12 czerwca 2015

Astrid Löfgren

N, ach tak, jak mogłam zapomnieć o zombie. Ten Spiderman w porwanym wdzianku wygrał wszystko.
Bo to jest przystojniacha i chyba najlepszy. A ten w golfie z falbanką (?) aż za grzeczny. Brakuje tylko róży w zębach. No i i ten pentagram... :D Zło wcielone!
Buckyś w tych swoich obcisłych golfach, skórzanych kurtkach czy płaszczach i wypucowanych butkach naprawdę nadawałby na amanta z prawdziwego zdarzenia. A różę w zębach tez miał! Dostał od Natashy :P
To była pelerynka nie golf! Widziałaś kiedyś XVII wiecznego kapitana bez pelerynki z falbankami?
Może wyszli z założenia, że źle kojarząca się gwiazda musi być? Bucky zawsze miał jakąś gwiazdkę na rąsi, zmieniał tylko kolory i wzory.

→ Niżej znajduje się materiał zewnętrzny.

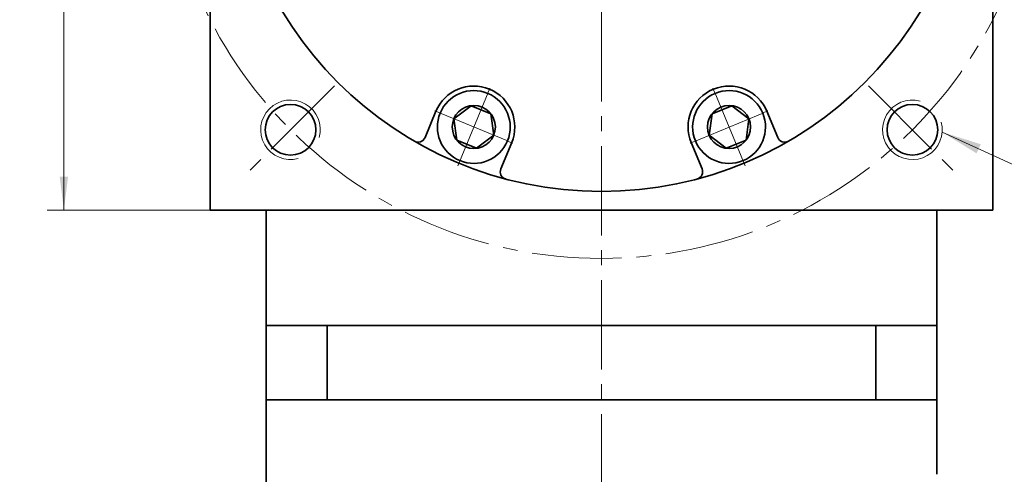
# Model space of a CAD drawing. Header units: millimetres. Extents: x 3821 to 4581, y -174 to 374.
# Tile 5 of 8: x 4209 to 4341, y 145 to 206. Entities that reach past the tile are written whole.
import ezdxf

# ---------------------------------------------------------------- set-up
doc = ezdxf.new("R2010")
doc.units = ezdxf.units.MM
doc.set_wipeout_variables(frame=1)
doc.linetypes.add('点画线', pattern=[18, 12, -2, 2, -2])
doc.layers.get('0').update_dxf_attribs({"lineweight": 35})
for name, color, linetype, lineweight in [('EB0', 7, 'Continuous', 35), ('中心线层', 1, '点画线', 18), ('尺寸线层', 3, 'Continuous', 18), ('粗实线层', 7, 'Continuous', 35)]:
    doc.layers.add(name, color=color, linetype=linetype, lineweight=lineweight)
doc.styles.add('标准', font='txt', dxfattribs={"width": 0.667})
doc.dimstyles.new('a4-1-1', dxfattribs={"dimtxt": 3, "dimasz": 3, "dimexe": 1.5, "dimexo": 0, "dimgap": 0.5, "dimtad": 1, "dimdec": 3, "dimdsep": 46, "dimtxsty": '标准', "dimblk": '_CAXARROW', "dimcen": 0, "dimdle": 6, "dimazin": 2, "dimtfac": 0.707107, "dimtdec": 3, "dimtix": 1, "dimtmove": 2, "dimatfit": 3, "dimfxl": 0, "dimfrac": 2, "dimtolj": 1, "dimarcsym": 0})
doc.dimstyles.new('a4-1-1.5', dxfattribs={"dimtxt": 4.5, "dimasz": 4.5, "dimexe": 2.25, "dimexo": 0, "dimgap": 0.75, "dimtad": 1, "dimdec": 3, "dimdsep": 46, "dimtxsty": '标准', "dimblk": '_CAXARROW', "dimcen": 0, "dimdle": 9, "dimazin": 2, "dimtfac": 0.707107, "dimtdec": 3, "dimtix": 1, "dimtmove": 2, "dimatfit": 3, "dimfxl": 0, "dimfrac": 2, "dimtolj": 1, "dimarcsym": 0})

# ---------------------------------------------------------------- blocks, each defined once
blk = doc.blocks.new('*X20')
at = {"layer": '尺寸线层', "linetype": 'Continuous'}
for points in [[(4214.82, 285.41), (4215.39, 280.91), (4214.26, 280.91)], [(4214.82, 180.41), (4215.39, 184.91), (4214.26, 184.91)]]:
    blk.add_hatch(color=0, dxfattribs=at).paths.add_polyline_path(points, flags=0)
at = {"layer": '尺寸线层', "color": 0, "linetype": 'Continuous'}
for p, q in [((4234.45, 285.41), (4212.57, 285.41)), ((4214.82, 285.41), (4214.82, 180.41)), ((4234.45, 180.41), (4212.57, 180.41))]:
    blk.add_line(p, q, dxfattribs=at)
at = {"layer": '尺寸线层', "color": 0, "insert": (4211.85, 232.91), "char_height": 4.5, "width": 11.6685, "attachment_point": 5, "rotation": 90, "line_spacing_factor": 1.15057, "style": '标准'}
blk.add_mtext('\\T1.1;105', dxfattribs=at)
blk = doc.blocks.new('_CAXARROW')
blk.add_hatch(color=0).paths.add_polyline_path([(0, 0), (-1, 0.125), (-1, -0.125)], flags=0)
blk = doc.blocks.new('*X21')
at = {"layer": '中心线层', "linetype": '点画线', "lineweight": 18}
for p, q in [((0, -5.64), (0, 5.64)), ((-5.64, 0), (5.64, 0))]:
    blk.add_line(p, q, dxfattribs=at)
at = {"layer": '粗实线层'}
for p, q in [((-2.89, 0), (-1.44, 2.5)), ((-1.44, 2.5), (1.44, 2.5)), ((2.89, 0), (1.44, 2.5)), ((2.89, 0), (1.44, 2.5)), ((-2.89, 0), (-1.44, -2.5)), ((2.89, 0), (1.44, -2.5)), ((-1.44, -2.5), (1.44, -2.5))]:
    blk.add_line(p, q, dxfattribs=at)
blk.add_circle((0, 0), 2.89, dxfattribs=at)
for start, end in [(0, 180), (180, 360)]:
    blk.add_arc((0, 0), 4.89, start, end, dxfattribs=at)
blk = doc.blocks.new('*X22')
at = {"layer": '尺寸线层', "linetype": 'Continuous'}
blk.add_hatch(color=0, dxfattribs=at).paths.add_polyline_path([(-11.71, 4.98), (-6.52, 3.35), (-7.08, 2.12)], flags=0)
at = {"layer": '尺寸线层', "color": 0, "linetype": 'Continuous'}
blk.add_line((-11.71, 4.98), (-0.81, 0), dxfattribs=at)
at = {"layer": '尺寸线层', "color": 0}
for p, q in [((-0.81, 0), (0, 0)), ((0, 0), (20.82, 0)), ((0, 0), (0, 0))]:
    blk.add_line(p, q, dxfattribs=at)
at = {"layer": '尺寸线层', "color": 0, "insert": (2.7, 1.08), "char_height": 5.4, "width": 36.2438, "attachment_point": 7, "line_spacing_factor": 1.15057, "style": '标准'}
blk.add_mtext('\\T1.1;4-M8x16', dxfattribs=at)
blk = doc.blocks.new('*X47')
at = {"layer": '尺寸线层', "linetype": 'Continuous'}
for points in [[(4407.9, 285.41), (4407.52, 282.41), (4408.27, 282.41)], [(4407.9, 38.41), (4407.52, 41.41), (4408.27, 41.41)]]:
    blk.add_hatch(color=0, dxfattribs=at).paths.add_polyline_path(points, flags=0)
at = {"layer": '尺寸线层', "color": 0, "linetype": 'Continuous'}
for p, q in [((4339.45, 285.41), (4409.4, 285.41)), ((4407.9, 38.41), (4407.9, 285.41)), ((4331.95, 38.41), (4409.4, 38.41))]:
    blk.add_line(p, q, dxfattribs=at)
at = {"layer": '尺寸线层', "color": 0, "insert": (4404.92, 161.91), "char_height": 5, "width": 13.2174, "attachment_point": 5, "rotation": 90, "line_spacing_factor": 1.15057, "style": '标准'}
blk.add_mtext('\\T1.1;247', dxfattribs=at)
blk = doc.blocks.new('*X48')
at = {"layer": '尺寸线层', "linetype": 'Continuous'}
for points in [[(4369.85, 232.91), (4370.22, 229.91), (4369.47, 229.91)], [(4369.85, 38.41), (4370.22, 41.41), (4369.47, 41.41)]]:
    blk.add_hatch(color=0, dxfattribs=at).paths.add_polyline_path(points, flags=0)
at = {"layer": '尺寸线层', "color": 0, "linetype": 'Continuous'}
for p, q in [((4348.95, 232.91), (4371.35, 232.91)), ((4369.85, 232.91), (4369.85, 38.41)), ((4331.95, 38.41), (4371.35, 38.41))]:
    blk.add_line(p, q, dxfattribs=at)
at = {"layer": '尺寸线层', "color": 0, "insert": (4366.88, 135.66), "char_height": 5, "width": 23.1179, "attachment_point": 5, "rotation": 90, "line_spacing_factor": 1.15057, "style": '标准'}
blk.add_mtext('\\T1.1;194.5', dxfattribs=at)

msp = doc.modelspace()

# ---------------------------------------------------------------- linework, layer by layer
at = {"color": 7, "linetype": 'Continuous', "lineweight": 0}
for centre, start, end in [((4245.2315, 191.1908), 345, 285), ((4245.2315, 191.1908), 345, 285), ((4328.6701, 191.1908), 75, 15), ((4328.6701, 191.1908), 75, 15)]:
    msp.add_arc(centre, 4, start, end, dxfattribs=at)
at = {"layer": 'EB0'}
for p, q in [((4241.9508, 164.9101), (4241.9508, 120.4101)), ((4331.9508, 164.9101), (4241.9508, 164.9101)), ((4326.9508, 164.9101), (4331.9508, 164.9101)), ((4331.9508, 164.9101), (4331.9508, 144.9101)), ((4331.9508, 154.9101), (4241.9508, 154.9101))]:
    msp.add_line(p, q, dxfattribs=at)
at = {"layer": '中心线层'}
for p, q in [((4286.9508, 33.0031), (4286.9508, 293.6722)), ((4251.128, 197.0873), (4239.2323, 185.1916)), ((4322.7736, 197.0873), (4334.6693, 185.1916))]:
    msp.add_line(p, q, dxfattribs=at)
at = {"layer": '粗实线层'}
for p, q in [((4234.4508, 285.4101), (4234.4508, 180.4101)), ((4339.4508, 285.4101), (4339.4508, 180.4101)), ((4309.1572, 193.6713), (4310.6179, 190.1448)), ((4274.907, 189.4617), (4273.4463, 185.9353)), ((4339.4508, 180.4101), (4234.4508, 180.4101)), ((4241.9508, 164.9101), (4241.9508, 180.4101)), ((4331.9508, 164.9101), (4331.9508, 180.4101)), ((4250.1384, 164.9101), (4250.1384, 154.9101)), ((4323.7632, 164.9101), (4323.7632, 154.9101))]:
    msp.add_line(p, q, dxfattribs=at)
for centre, radius in [((4286.9508, 232.9101), 50), ((4245.2315, 191.1908), 3.4), ((4328.6701, 191.1908), 3.4)]:
    msp.add_circle(centre, radius, dxfattribs=at)
for centre, radius, start, end in [((4269.8257, 191.5665), 5.5, 337.5, 157.5), ((4304.0759, 191.5665), 5.5, 22.5, 202.5), ((4262.3598, 190.5275), 1, 239.877013, 337.500025), ((4311.5418, 190.5275), 1, 202.499975, 300.122987), ((4274.3702, 185.5526), 1, 157.499975, 255.122987), ((4299.5313, 185.5526), 1, 284.877013, 22.500025)]:
    msp.add_arc(centre, radius, start, end, dxfattribs=at)

# ---------------------------------------------------------------- block references
at = {"layer": '尺寸线层'}
msp.add_blockref('*X22', (4344.3655, 185.901), dxfattribs=at)

# ---------------------------------------------------------------- dimensions: what is measured, and where the dimension line sits
for base, p1, p2, angle, dimstyle, override, picture, middle in [((4214.8227, 180.4101), (4234.4508, 285.4101), (4234.4508, 180.4101), 270, 'a4-1-1.5', {"dimsah": 1, "dimtfill": 1, "dimtzin": 8}, '*X20', (4211.847, 232.9101)), ((4407.8956, 285.4101), (4331.9508, 38.4097), (4339.4508, 285.4101), 90, 'a4-1-1', {"dimtxt": 5, "dimsah": 1, "dimtfill": 1, "dimtzin": 8}, '*X47', (4404.9226, 161.9099)), ((4369.8488, 38.4097), (4348.9508, 232.9101), (4331.9508, 38.4097), 90, 'a4-1-1', {"dimtxt": 5, "dimsah": 1, "dimtfill": 1, "dimtzin": 8}, '*X48', (4366.8758, 135.6599))]:
    dim = msp.add_linear_dim(base=base, p1=p1, p2=p2, angle=angle, dimstyle=dimstyle, override=override, dxfattribs=at)
    dim.commit()
    dim.dimension.update_dxf_attribs({"geometry": picture, "text_midpoint": middle})

# ---------------------------------------------------------------- next in the draw order: wipeouts: each hides what was drawn before it
for points in [[(4265.3079, 193.4378), (4265.2975, 193.4124), (4265.2872, 193.3869), (4265.277, 193.3614), (4265.267, 193.3358), (4265.2571, 193.3102), (4265.2474, 193.2845), (4265.2378, 193.2587), (4265.2284, 193.2329), (4265.2191, 193.2071), (4265.21, 193.1812), (4265.201, 193.1552), (4265.1921, 193.1292), (4265.1834, 193.1031), (4265.1748, 193.077), (4265.1664, 193.0509), (4265.1582, 193.0247), (4265.15, 192.9984), (4265.1421, 192.9721), (4265.1342, 192.9458), (4265.1266, 192.9194), (4265.119, 192.893), (4265.1117, 192.8665), (4265.1044, 192.84), (4265.0973, 192.8134), (4265.0904, 192.7868), (4265.0836, 192.7602), (4265.077, 192.7336), (4265.0705, 192.7069), (4265.0642, 192.6801), (4265.058, 192.6533), (4265.058, 192.6533), (4265.0124, 192.4294), (4264.9774, 192.2036), (4264.9529, 191.9763), (4264.9391, 191.7482), (4264.9359, 191.5197), (4264.9434, 191.2913), (4264.9616, 191.0634), (4264.9905, 190.8367), (4265.0298, 190.6116), (4265.0797, 190.3886), (4265.1399, 190.1681), (4265.2104, 189.9507), (4265.2909, 189.7368), (4265.3813, 189.5269), (4265.4815, 189.3215), (4265.5911, 189.121), (4265.71, 188.9258), (4265.8379, 188.7364), (4265.9745, 188.5531), (4266.1195, 188.3765), (4266.2726, 188.2068), (4266.4335, 188.0445), (4266.6017, 187.8898), (4266.777, 187.7432), (4266.959, 187.6049), (4267.1472, 187.4753), (4267.3413, 187.3546), (4267.5408, 187.2431), (4267.7453, 187.1411), (4267.9544, 187.0487), (4267.9544, 187.0487), (4268.1675, 186.9662), (4268.3843, 186.8938), (4268.6042, 186.8315), (4268.8267, 186.7796), (4269.0515, 186.7382), (4269.2779, 186.7073), (4269.5056, 186.687), (4269.7339, 186.6774), (4269.9624, 186.6784), (4270.1907, 186.6901), (4270.4181, 186.7125), (4270.6443, 186.7455), (4270.8686, 186.789), (4271.0907, 186.843), (4271.31, 186.9072), (4271.5261, 186.9817), (4271.7385, 187.0661), (4271.9467, 187.1604), (4272.1502, 187.2643), (4272.3487, 187.3776), (4272.5417, 187.5001), (4272.7287, 187.6314), (4272.9094, 187.7714), (4273.0833, 187.9196), (4273.2502, 188.0758), (4273.4095, 188.2396), (4273.5611, 188.4107), (4273.7044, 188.5887), (4273.8393, 188.7732), (4273.9655, 188.9638), (4273.9655, 188.9638), (4273.98, 188.9871), (4273.9945, 189.0104), (4274.0088, 189.0339), (4274.0229, 189.0574), (4274.037, 189.0811), (4274.0509, 189.1048), (4274.0646, 189.1286), (4274.0783, 189.1524), (4274.0918, 189.1763), (4274.1051, 189.2003), (4274.1183, 189.2244), (4274.1314, 189.2486), (4274.1444, 189.2728), (4274.1572, 189.2971), (4274.1699, 189.3215), (4274.1824, 189.3459), (4274.1948, 189.3705), (4274.2071, 189.395), (4274.2192, 189.4197), (4274.2312, 189.4444), (4274.2431, 189.4692), (4274.2548, 189.4941), (4274.2664, 189.519), (4274.2778, 189.544), (4274.2891, 189.569), (4274.3003, 189.5941), (4274.3113, 189.6193), (4274.3222, 189.6445), (4274.3329, 189.6698), (4274.3435, 189.6952), (4274.3435, 189.6952), (4274.4352, 189.9342), (4274.5143, 190.1777), (4274.5806, 190.425), (4274.6338, 190.6754), (4274.6739, 190.9282), (4274.7006, 191.1828), (4274.714, 191.4385), (4274.714, 191.6945), (4274.7006, 191.9502), (4274.6739, 192.2048), (4274.6338, 192.4576), (4274.5806, 192.708), (4274.5143, 192.9553), (4274.4352, 193.1988), (4274.3435, 193.4378), (4274.2393, 193.6717), (4274.1231, 193.8998), (4273.9951, 194.1215), (4273.8557, 194.3362), (4273.7052, 194.5433), (4273.5441, 194.7423), (4273.3728, 194.9326), (4273.1917, 195.1136), (4273.0015, 195.2849), (4272.8025, 195.446), (4272.5954, 195.5965), (4272.3807, 195.7359), (4272.159, 195.8639), (4271.9309, 195.9801), (4271.697, 196.0843), (4271.697, 196.0843), (4271.458, 196.176), (4271.2145, 196.2551), (4270.9672, 196.3214), (4270.7168, 196.3746), (4270.464, 196.4147), (4270.2094, 196.4414), (4269.9537, 196.4548), (4269.6977, 196.4548), (4269.442, 196.4414), (4269.1874, 196.4147), (4268.9346, 196.3746), (4268.6841, 196.3214), (4268.4369, 196.2551), (4268.1934, 196.176), (4267.9544, 196.0843), (4267.7205, 195.9801), (4267.4924, 195.8639), (4267.2707, 195.7359), (4267.056, 195.5965), (4266.8489, 195.446), (4266.6499, 195.2849), (4266.4596, 195.1136), (4266.2786, 194.9326), (4266.1073, 194.7423), (4265.9462, 194.5433), (4265.7957, 194.3362), (4265.6563, 194.1215), (4265.5283, 193.8998), (4265.4121, 193.6717)], [(4299.5581, 189.6952), (4299.5687, 189.6698), (4299.5794, 189.6445), (4299.5903, 189.6193), (4299.6013, 189.5941), (4299.6124, 189.569), (4299.6237, 189.544), (4299.6352, 189.519), (4299.6467, 189.4941), (4299.6585, 189.4692), (4299.6703, 189.4444), (4299.6823, 189.4197), (4299.6944, 189.395), (4299.7067, 189.3705), (4299.7191, 189.3459), (4299.7317, 189.3215), (4299.7443, 189.2971), (4299.7572, 189.2728), (4299.7701, 189.2486), (4299.7832, 189.2244), (4299.7964, 189.2003), (4299.8098, 189.1763), (4299.8233, 189.1524), (4299.8369, 189.1286), (4299.8507, 189.1048), (4299.8646, 189.0811), (4299.8786, 189.0574), (4299.8928, 189.0339), (4299.9071, 189.0104), (4299.9215, 188.9871), (4299.9361, 188.9638), (4299.9361, 188.9638), (4300.0622, 188.7732), (4300.1971, 188.5887), (4300.3405, 188.4107), (4300.492, 188.2396), (4300.6514, 188.0758), (4300.8182, 187.9196), (4300.9922, 187.7714), (4301.1729, 187.6314), (4301.3599, 187.5001), (4301.5529, 187.3776), (4301.7513, 187.2643), (4301.9549, 187.1604), (4302.1631, 187.0661), (4302.3754, 186.9817), (4302.5915, 186.9072), (4302.8108, 186.843), (4303.0329, 186.789), (4303.2573, 186.7455), (4303.4834, 186.7125), (4303.7109, 186.6901), (4303.9391, 186.6784), (4304.1676, 186.6774), (4304.396, 186.687), (4304.6236, 186.7073), (4304.8501, 186.7382), (4305.0748, 186.7796), (4305.2974, 186.8315), (4305.5173, 186.8938), (4305.7341, 186.9662), (4305.9472, 187.0487), (4305.9472, 187.0487), (4306.1562, 187.1411), (4306.3607, 187.2431), (4306.5602, 187.3546), (4306.7543, 187.4753), (4306.9426, 187.6049), (4307.1245, 187.7432), (4307.2998, 187.8898), (4307.4681, 188.0445), (4307.629, 188.2068), (4307.7821, 188.3765), (4307.9271, 188.5531), (4308.0637, 188.7364), (4308.1915, 188.9258), (4308.3104, 189.121), (4308.4201, 189.3215), (4308.5202, 189.5269), (4308.6107, 189.7368), (4308.6912, 189.9507), (4308.7616, 190.1681), (4308.8219, 190.3886), (4308.8717, 190.6116), (4308.9111, 190.8367), (4308.9399, 191.0634), (4308.9581, 191.2913), (4308.9656, 191.5197), (4308.9625, 191.7482), (4308.9487, 191.9763), (4308.9242, 192.2036), (4308.8891, 192.4294), (4308.8436, 192.6533), (4308.8436, 192.6533), (4308.8374, 192.6801), (4308.831, 192.7069), (4308.8246, 192.7336), (4308.8179, 192.7602), (4308.8111, 192.7868), (4308.8042, 192.8134), (4308.7971, 192.84), (4308.7899, 192.8665), (4308.7825, 192.893), (4308.775, 192.9194), (4308.7673, 192.9458), (4308.7595, 192.9721), (4308.7515, 192.9984), (4308.7434, 193.0247), (4308.7351, 193.0509), (4308.7267, 193.077), (4308.7182, 193.1031), (4308.7094, 193.1292), (4308.7006, 193.1552), (4308.6916, 193.1812), (4308.6825, 193.2071), (4308.6732, 193.2329), (4308.6637, 193.2587), (4308.6541, 193.2845), (4308.6444, 193.3102), (4308.6345, 193.3358), (4308.6245, 193.3614), (4308.6144, 193.3869), (4308.6041, 193.4124), (4308.5936, 193.4378), (4308.5936, 193.4378), (4308.4895, 193.6717), (4308.3733, 193.8998), (4308.2453, 194.1215), (4308.1058, 194.3362), (4307.9554, 194.5433), (4307.7942, 194.7423), (4307.6229, 194.9326), (4307.4419, 195.1136), (4307.2517, 195.2849), (4307.0527, 195.446), (4306.8456, 195.5965), (4306.6309, 195.7359), (4306.4092, 195.8639), (4306.1811, 195.9801), (4305.9472, 196.0843), (4305.7082, 196.176), (4305.4647, 196.2551), (4305.2174, 196.3214), (4304.967, 196.3746), (4304.7141, 196.4147), (4304.4595, 196.4414), (4304.2039, 196.4548), (4303.9479, 196.4548), (4303.6922, 196.4414), (4303.4376, 196.4147), (4303.1847, 196.3746), (4302.9343, 196.3214), (4302.687, 196.2551), (4302.4435, 196.176), (4302.2045, 196.0843), (4302.2045, 196.0843), (4301.9707, 195.9801), (4301.7426, 195.8639), (4301.5208, 195.7359), (4301.3061, 195.5965), (4301.099, 195.446), (4300.9001, 195.2849), (4300.7098, 195.1136), (4300.5288, 194.9326), (4300.3575, 194.7423), (4300.1964, 194.5433), (4300.0459, 194.3362), (4299.9065, 194.1215), (4299.7784, 193.8998), (4299.6622, 193.6717), (4299.5581, 193.4378), (4299.4663, 193.1988), (4299.3872, 192.9553), (4299.321, 192.708), (4299.2677, 192.4576), (4299.2277, 192.2048), (4299.2009, 191.9502), (4299.1875, 191.6945), (4299.1875, 191.4385), (4299.2009, 191.1828), (4299.2277, 190.9282), (4299.2677, 190.6754), (4299.321, 190.425), (4299.3872, 190.1777), (4299.4663, 189.9342)]]:
    msp.add_wipeout(points).dxf.layer = '粗实线层'

# ---------------------------------------------------------------- next in the draw order: linework, layer by layer
at = {"layer": '中心线层'}
msp.add_circle((4286.9508, 232.9101), 59, dxfattribs=at)
at = {"layer": '粗实线层'}
for p, q in [((4264.7444, 193.6713), (4263.2837, 190.1448)), ((4298.9945, 189.4617), (4300.4552, 185.9353))]:
    msp.add_line(p, q, dxfattribs=at)

# ---------------------------------------------------------------- next in the draw order: block references
for p, rotation in [((4269.8257, 191.5665), 157.5000000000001), ((4304.0759, 191.5665), 202.5)]:
    msp.add_blockref('*X21', p, dxfattribs=dict(at, rotation=rotation))

doc.saveas('drawing.dxf')

I poprzypominało mi się to: klik. To się nazywa wczucie w postać!
James, u niego winna jest góra mięśni. Na pewno stąd ta niezgrabność. A u ciebie to jest talent wrodzony. Poczekaj jeszcze trochę i znów będziesz się potykać o kawałek wstążki.
Wiele bym dała, żeby się dowiedzieć, co wtedy wygadywałeś... :D Obserwowanie pijanych czasami jest zabawne.
Wydawało mi się, że tańczenie i potykanie się o własne nogi jest niemożliwym połączeniem umiejętności, a tu proszę.
Siedzenie na dachu chyba ci zostało, prawda? Pamiętam, że lubiłeś to, kiedy byłeś u Sama. Faktycznie działa lepiej na myślenie? Popić na dachu, świetny pomysł...
Talent techniczny czy inżynierski, jak zwał tak zwał, jakiś przejawiasz, czy raczej w ogóle go już nie masz?
Ciekawa jestem skąd on to brał, skoro i tak było zapewne niewiele zapasów czegokolwiek. Tak się zastanawiam czy był ktoś, kto ciebie nie lubił. Ale tak porządnie nie lubił, nie uwzględniając wrogów, bo to oczywiste, że miłością i sympatią do ciebie nie pałali.
Gdybym teraz potrafił zaliczyć glebę na płaskiej powierzchni to Hydra chyba spaliłaby się ze wstydu. Raczej nie wzbudzałbym zbyt wielkiego przerażenia, gdybym potykał się o własne nogi i ześlizgiwał z samochodów, prawda?
Potrafiłem bezbłędnie przetańczyć kilka piosenek, a potem przewrócić się przy schodzeniu z parkietu.
Lubię siedzieć na dachach, choć sam nie wiem dlaczego. Może i jestem wtedy łatwiejszym celem, ale jednak prościej mi się choć trochę odprężyć. I chyba naprawdę lepiej działa na myślenie.
Jestem kilkadziesiąt lat do tyłu, więc trochę ciężko samemu nadgonić nowinki techniczne. Czytam wszystkie schematy ramienia i już potrafię je odblokować, gdy się przytnie, ale nic poza tym. Widocznie ten talent też zniknął, albo siedzi gdzieś głęboko.  
Nie mam pojęcia. Mnie chyba albo się kochało, albo nienawidziło.

1 komentarz:

  1. N, przynajmniej przystojnie wygląda :D Mało romantyczny. To on jej powinien dać różę!
    Jak dla mnie to golf z falbanką i pelerynka :P Właśnie mnie ten pentagram trochę zmylił, bo gdyby był odwrócony, to fakt, symbol zła, ale tak to co... jakieś sacrum chyba. I tak czerwona gwiazdka najlepsiejsza.
    Hah, tego to chyba nie widziałam :D Masz rację!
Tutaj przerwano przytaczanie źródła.